For Release: Oct. 19, 2011

Contact: Kyla Kruse, 217-546-6815


You Are Being Stolen from Right Now!

Stop Phantom Power Draw

(SPRINGFIELD, Ill.) — If someone stole your wallet on the street, you would yell “Thief!” If your home was broken into, you would call the cops. If you got taken in a Ponzi scheme, you would be dialing a lawyer in short order. If you think you would react similarly in those situations, you might be shocked to learn that you are the victim of theft right now, and you are an accessory to the crime! To add insult to injury, the thieves are probably the items that entertain you the most. They are things like your TVs, DVRs, and stereos. They are stealing from you through “phantom power draw."

Energy Education Council Executive Director Molly Hall explains, “Phantom power draw is sometimes called vampire power, standby power, or leaking electricity. Many electronics don’t actually shut off when the off button is pushed.
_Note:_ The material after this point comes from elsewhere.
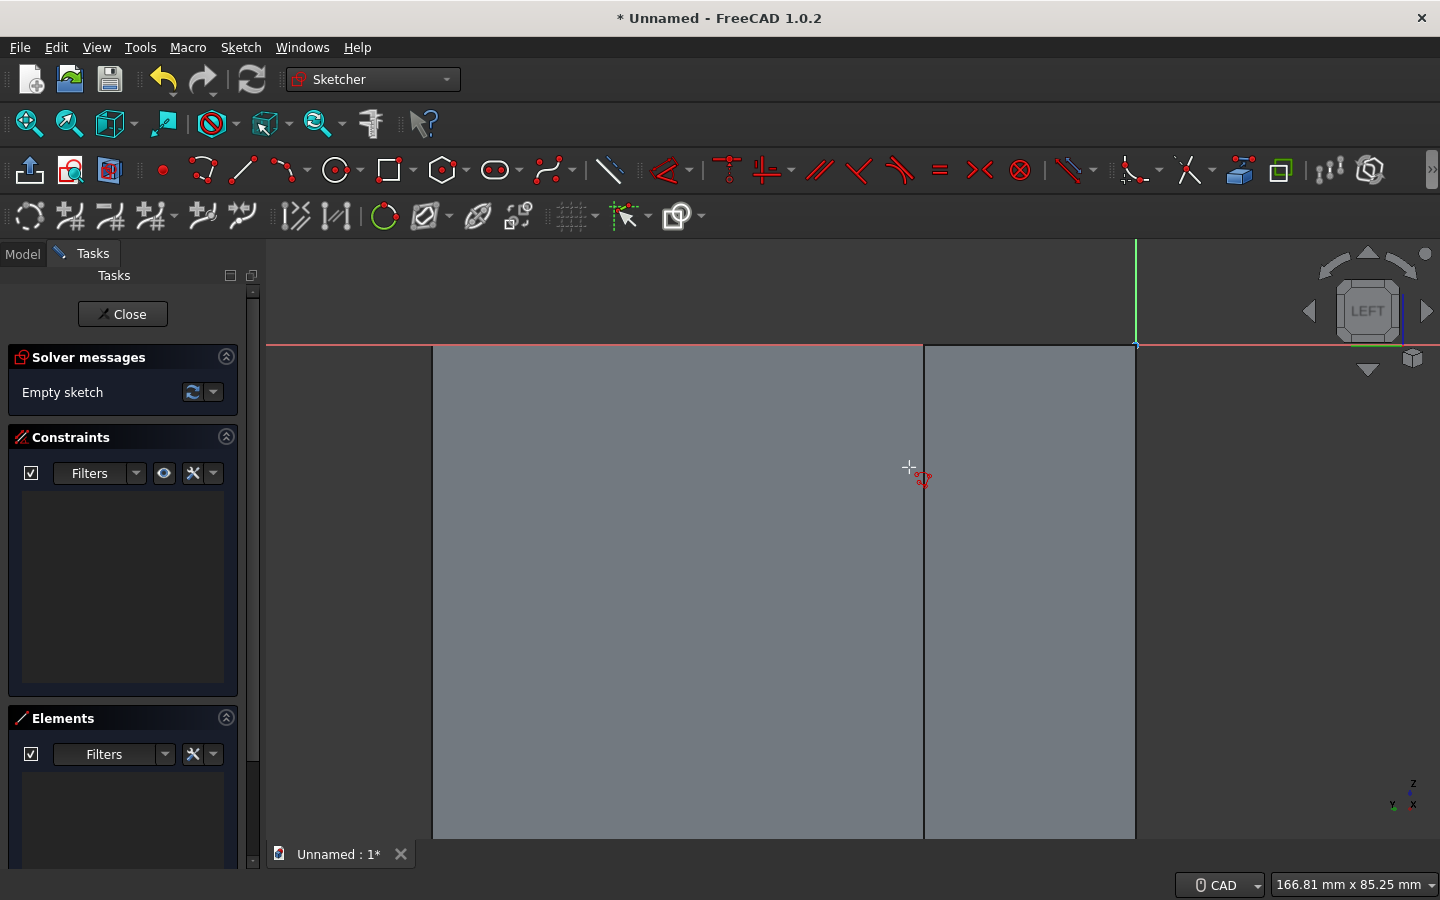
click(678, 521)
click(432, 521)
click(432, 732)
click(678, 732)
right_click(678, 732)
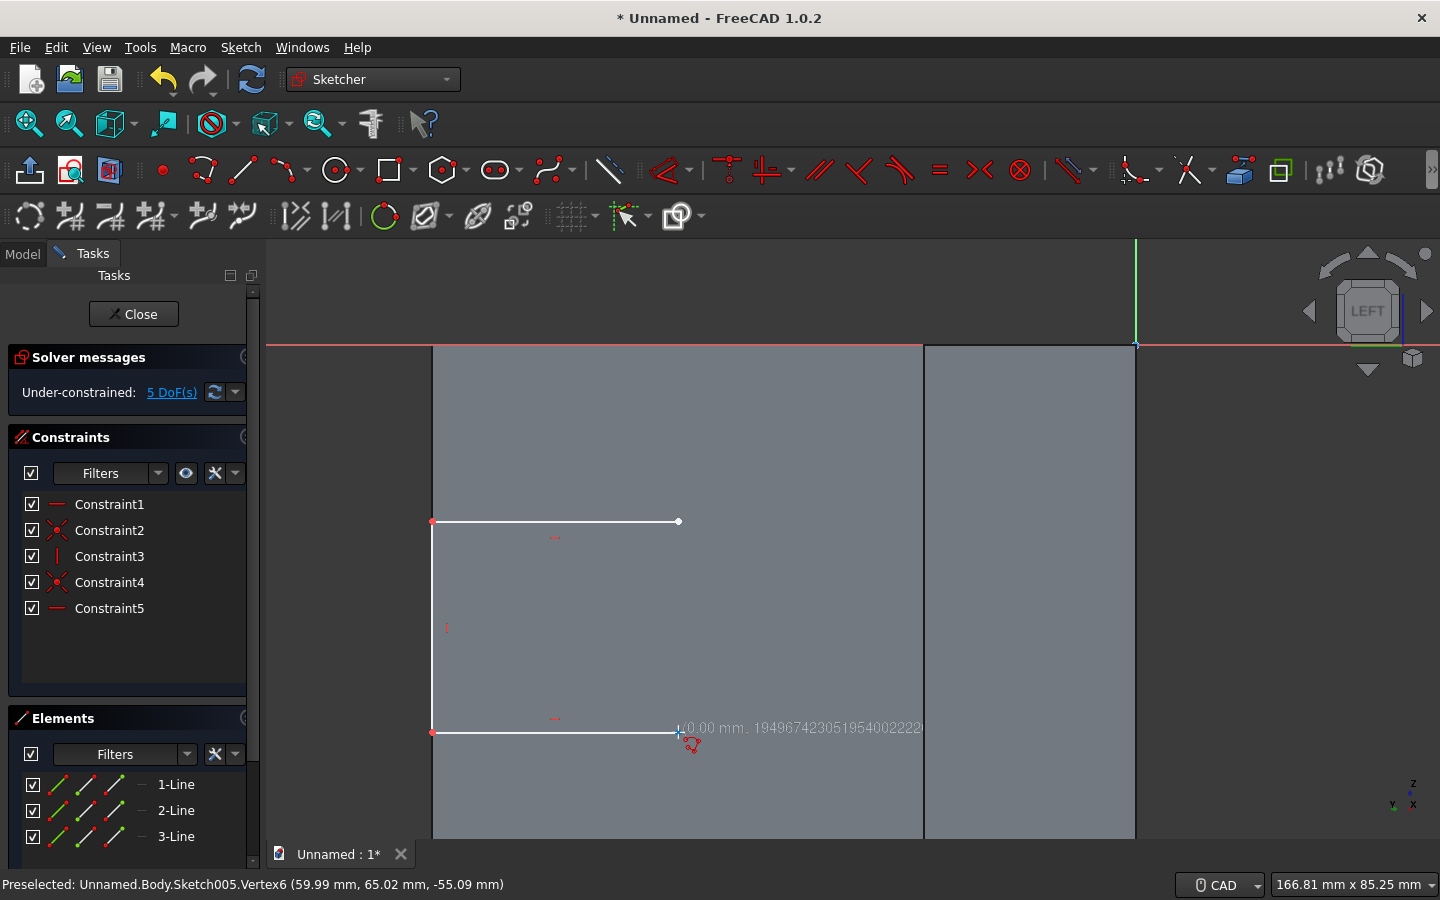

Instead, they go into “standby mode,” which uses electricity for features like clicks and remote controls.”

According to Energy Star, roughly 8 percent of the electricity usage in the average home is used to power electronics when the devices are off. The amount of power used by some common household electronics might surprise you.

The Lawrence Berkeley National Laboratory found the following electronics use the listed average wattage:

  • Set-top cable box with DVR (off by remote) – 43.46

  • DVD/VCR (on, not playing) – 14.5

  • Subwoofer (not playing) – 10.7

  • Rear projection TV (off by remote) – 6.97

  • Notebook computer (power supply only) – 4.42

  • Microwave oven (door closed) – 3.08

  • Portable stereo (off)  – 1.66

  • Multifunction inkjet printer (off)  – 1.26

What can you do to keep the phantom power draw from wasting money in your home? Unplug products that are rarely used, like a TV or DVD player in a guest room. Use a power strip with a switch to control clusters of products. Buy low-standby products. Most Energy Star endorsed products have lower phantom power draws. Hall adds, “Be aware of what you unplug. Keep in mind that most re-chargeable products will lose their charge over time, and you might find yourself trying to use a re-chargeable drill with a dead battery.”

When shopping for new electronics, here are some telltale signs that the device might boost your power bill with phantom power draw:

  • It has a remote control.

  • It has an external power supply.

  • It has a digital display, LED status light or digital clock.

  • It contains a battery charger.

  • It has a soft-touch key-pad.

To find out how much phantom power draw your electronics are using, plug a watt meter into an outlet and the appliance into the watt meter. Turn the device on and note the watts used. Then turn the device off to see how much phantom power it uses.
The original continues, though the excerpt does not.